Jack Hale of FEniCS Project was kind enough to share his summary of the recent 2017 FEniCS conference, for which NumFOCUS provided some travel funds. Read on below!

FEniCS logo
The FEniCS Conference 2017 brought together 82 participants from around the world for a conference on the FEniCS Project, a NumFOCUS fiscally sponsored project. FEniCS is a open-source computing platform for solving partial differential equations (PDEs). FEniCS enables users to quickly translate scientific models into efficient finite element code. The conference was held at Salle Tavenas at the University of Luxembourg in Luxembourg City.
The first FEniCS Conference took place in 2005 with 15 registered participants, we regularly have 70-80 participants now, and hundreds of publications cite the core FEniCS references each year. You can follow FEniCS success stories by following the hashtag #fenicsstories on Twitter.
Talks and posters
The FEniCS Conference has a relatively traditional academic conference format with short talks and a poster session, mostly given by PhD students and postdocs working on core features in FEniCS, or applying FEniCS to their particular scientific area of interest. A record 55 contributions were submitted, and all were accepted by the scientific committee.
In addition to the talks and posters, there is also plenty of ‘free’ time (~3 hours per day) for informal discussions, coding and of course, eating!
Indicative of the flexibility of FEniCS, there were quite a staggering number of different session topics; from Biomechanics, Visualisation and Large-Scale Computing to Magnetics and many more, there was something for everyone.
The scientific prize winners were:
  • Wietse Boon’s (Best PhD, University of Oslo, Norway) presentation on compatible finite element discretisation spaces for mixed dimensional elasticity problems. These mathematical developments will allow accurate simulation of complex phenomena like the mechanical response of carbon nanotubes embedded in a rubber matrix.
  • Carl Lundholm’s (Runner-up Best PhD, Chalmers, Sweden) live demonstration of solving Poisson’s equation on the augmented reality Microsoft Hololens device. This technology can be used to help workers in hazardous environments better understand the distribution of toxic chemicals in the air by overlaying the solution of a model on the real environment in 3D.
  • Johannes Neumann’s (Best postdoc, Weierstrass Institute for Applied Analysis and Stochastics, Germany) presentation on topology optimisation under uncertainty. This formulation can be used to design efficient and lightweight structures in aircraft subject to rare event scenarios.
  • Sebastian Mitusch and Simon Wolfgang Funke’s (Best poster, Simula Research Laboratory, Norway) poster on fenics-adjoint, a new implementation of the Wilkinson Prize winning dolfin-adjoint software. This software automatically calculates adjoint models, which can be used for a huge variety of purposes, from assimilating real data into global weather models, to understanding the errors in a numerical simulation.
Funding from NumFOCUS

NumFOCUS provided funding for two attendees, Johannes Neumann and Hernán Mella Lobos, to join us at the FEniCS Conference. We had six applications for travel funding. Applicants were selected on a combination of service to the FEniCS community and need for financial support.

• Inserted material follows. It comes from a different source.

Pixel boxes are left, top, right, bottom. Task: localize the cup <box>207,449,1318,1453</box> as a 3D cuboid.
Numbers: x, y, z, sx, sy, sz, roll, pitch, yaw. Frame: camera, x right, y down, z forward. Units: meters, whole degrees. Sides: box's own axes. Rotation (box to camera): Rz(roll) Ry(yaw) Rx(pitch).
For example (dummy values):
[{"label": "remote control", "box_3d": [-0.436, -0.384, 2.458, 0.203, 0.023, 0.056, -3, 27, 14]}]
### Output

  • Hernán has answered 80 questions on the FEniCS Q&A forum and has limited access to travel funds in Chile. Hernán will be contributing an open-source version of his code for mimicking infinite domains in wave propagation problems, and continuing his good work on the FEniCS Q&A forum.
  • Johannes has recently finished his postdoctoral position at WIAS in Berlin and no longer had access to internal funding for travel. He is widely recognised in the community for his excellent work on uncertainty quantification using FEniCS. He won the prize for best postdoctoral presentation, a difficult feat given the standard of the talks! Johannes will continue to work on improving the uncertainty quantification ecosystem built around FEniCS, which seems like a real growth area in the last few years.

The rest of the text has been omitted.